Each line that includes "will" must be copied from the records.

:: Source data

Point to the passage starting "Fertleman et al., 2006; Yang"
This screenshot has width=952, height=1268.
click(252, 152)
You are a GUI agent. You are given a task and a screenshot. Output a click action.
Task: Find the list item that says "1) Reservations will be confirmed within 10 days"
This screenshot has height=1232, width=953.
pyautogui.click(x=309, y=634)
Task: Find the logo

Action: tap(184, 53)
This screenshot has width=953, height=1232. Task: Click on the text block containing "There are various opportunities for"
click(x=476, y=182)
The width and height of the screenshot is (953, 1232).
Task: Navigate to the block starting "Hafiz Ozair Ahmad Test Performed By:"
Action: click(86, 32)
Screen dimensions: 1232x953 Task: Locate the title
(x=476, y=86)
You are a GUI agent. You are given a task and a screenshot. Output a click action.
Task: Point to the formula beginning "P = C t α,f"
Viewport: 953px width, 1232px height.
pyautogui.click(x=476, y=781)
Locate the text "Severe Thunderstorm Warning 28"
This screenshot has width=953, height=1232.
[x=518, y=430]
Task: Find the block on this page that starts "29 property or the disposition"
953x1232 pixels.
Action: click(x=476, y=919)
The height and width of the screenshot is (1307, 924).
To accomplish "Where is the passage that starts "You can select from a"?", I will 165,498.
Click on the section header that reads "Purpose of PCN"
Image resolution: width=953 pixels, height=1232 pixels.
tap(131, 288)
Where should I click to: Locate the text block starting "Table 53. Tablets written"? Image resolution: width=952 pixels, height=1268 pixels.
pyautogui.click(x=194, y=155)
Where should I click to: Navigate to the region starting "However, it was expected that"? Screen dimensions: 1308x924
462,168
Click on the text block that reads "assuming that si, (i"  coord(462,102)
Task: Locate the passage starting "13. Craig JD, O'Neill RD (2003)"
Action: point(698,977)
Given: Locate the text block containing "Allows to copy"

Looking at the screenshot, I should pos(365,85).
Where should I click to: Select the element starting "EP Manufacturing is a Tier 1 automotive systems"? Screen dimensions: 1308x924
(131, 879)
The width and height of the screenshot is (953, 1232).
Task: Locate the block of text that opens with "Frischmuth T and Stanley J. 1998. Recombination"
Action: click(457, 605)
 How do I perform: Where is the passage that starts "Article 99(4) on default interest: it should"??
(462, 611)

::::

# [Solved problem]
Task: Find the list item that says "1) Reservations will be confirmed within 10 days"
To accomplish "Where is the passage that starts "You can select from a"?", I will 165,498.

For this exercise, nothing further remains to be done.